I am bullish the oil service sector because of companies like Brigham Exploration (BEXP). Oil companies are drilling wells at an exponential rate. Oil service will increase utilization for years. Like Basic, Brigham was punished. Going through the first quarter results, I found it looked good. Brigham's daily production volumes were up 109% (11314 Boep/d) when compared to the first quarter of 2010. This was down 1% when compared to the fourth quarter of 2010. Crude oil production volumes were up 159% (9211 Bop/d) from the first quarter of 2010, and 1% from the fourth quarter of 2010. Crude oil represented 81% of production, compared to 80% quarter over quarter and 66% year over year.

In March of 2011, Brigham's Williston Basin volumes reached 10000 Boep/d for the first time in history. Revenues from the sale of crude oil and natural gas, including hedge settlements, was up 158%($76 million) compared to the first quarter of 2010. The average revenue estimate for the quarter was $76.49 million. Of the $76 million, revenues from higher crude oil sales volumes were $37.3 million and increased crude oil prices were $9.4 million. The average realized price of crude was $82.76 per barrel. This included a $1.27 loss from a cash settlement of derivatives.

2011 production costs were up $.95 per barrel of oil equivalent compared to the first quarter of 2010. Taxes increased per barrel of oil equivalent by $2.37. Many don't know that North Dakota's tax structure increases the price of oil. North Dakota taxes are capped at 11.5%. Brigham was able to decrease the $2.37 charge by $1.48 because of decreased expensed workovers.

General and administrative expenses decreased $3.07 per barrel of oil equivalent. This decreased due to higher oil volumes. Increased G&A expenses were due to increased wages of employees. Depletion expense was $18.61 per barrel of oil equivalent versus $19.07 per barrel of oil equivalent the first quarter of 2010. Total depletion cost increased because Brigham has increased oil production. It does not mean the wells are depleting at a faster rate. Brigham did have a deferred income tax expense of $200000 realized this quarter.

Reported net income seemed terrible this quarter at $1.6 million or 1 cent per diluted share. The first quarter of 2010 reported net income of $11.3 million or 11 cents per diluted share. On paper, Brigham missed earnings by 24 cents, but the company had $33.8 million or 29 cents per diluted share in mark to market hedging losses. in the first quarter of 2010, Brigham had hedging gains of $8.3 million or 8 cents per diluted share.

Brigham expects the second quarter of 2011 volumes would be between 12000 and 14000 Boep/d. Its estimated oil volumes will be 82% of total production. This is a one percent increase over the first quarter.
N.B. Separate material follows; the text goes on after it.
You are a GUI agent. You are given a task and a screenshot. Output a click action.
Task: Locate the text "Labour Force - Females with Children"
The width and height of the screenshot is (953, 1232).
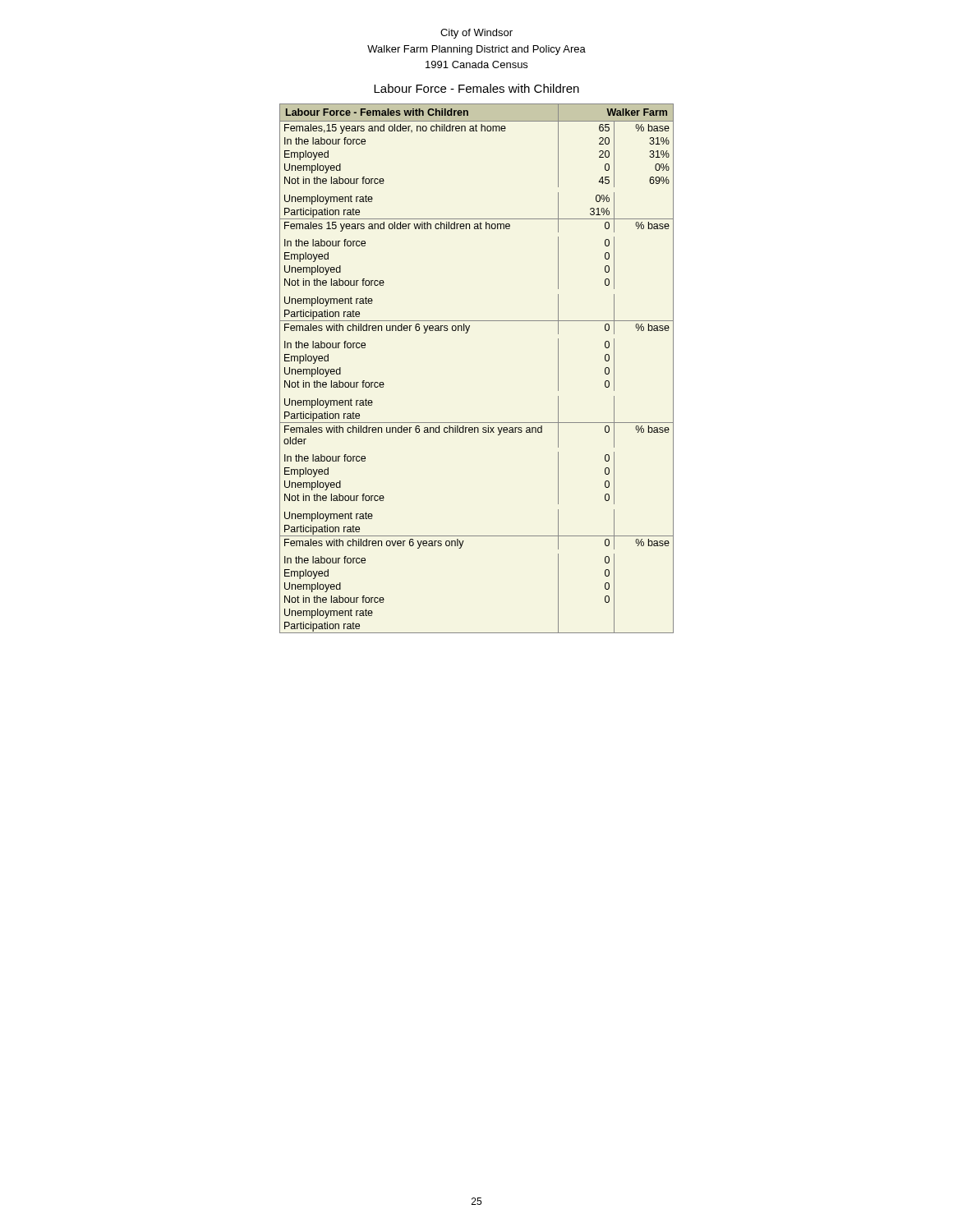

Here is a summary of Brigham's first quarter of 2011 as compared to the first quarter of 2011:

  1. Average Daily Production Volumes Up (Boe/d) 109%
  2. Average Daily Crude Oil Production Volumes Up (Bop/d) 159%
  3. Average Daily Production Volumes In Williston Basin Up (Boep/d) 190%
  4. Revenues From Crude Oil and Natural Gas Up 158% ($76 Million)
  5. Average Realized Price For Crude Oil Up $10.37/Barrel
  6. Production Costs (Includes O&M Expense) Up $.95/Boe
  7. 11.5% North Dakota Production Tax Rate $2.37/Boe
  8. General and Administrated Expenses down $3.07/Boe
  9. Depletion Expense Decreased by $.46/Boe
  10. Net Interest Expense Up $.5 Million
  11. Deferred Income Tax Of $.2 Million
  12. Net Income Excluding Mark to Market Hedging Losses were $33.8 Million Or $.29/Diluted Share

Without unrealized hedging losses, Brigham would have missed revenue by approximately a half million dollars. It would have beat on earnings by 4 cents.

More importantly, the Bakken had a harsh winter. Wells were shut down due to lack of oil transportation. Taxes are up in North Dakota. Oil service costs are up. Backlog increases fraccing time, and the winter made it worse. The last problem has to do with depletion expense. There are rumors that Northern Oil and Gas (NOG) has not claimed the proper amount of depletion on its wells. This has created some doubt in Bakken names. Depletion cannot be determined in total dollars. Northern's total was approximately four times a year earlier. Brigham's was double that of a year earlier. Northern added 5.85 net wells in the fourth quarter of 2010 and its depletion will be figured on the new wells, plus any others producing in previous months. Most importantly, several Bakken oil companies are oversold, making a very good entry point.

Disclosure: I am long BAS, BEXP, NOG.

Additional disclosure: This article is not a buy recommendation for any of the stocks listed. All three are high growth stocks that have been sold off over the past few weeks. I recommend doing research on any company before buying a stock.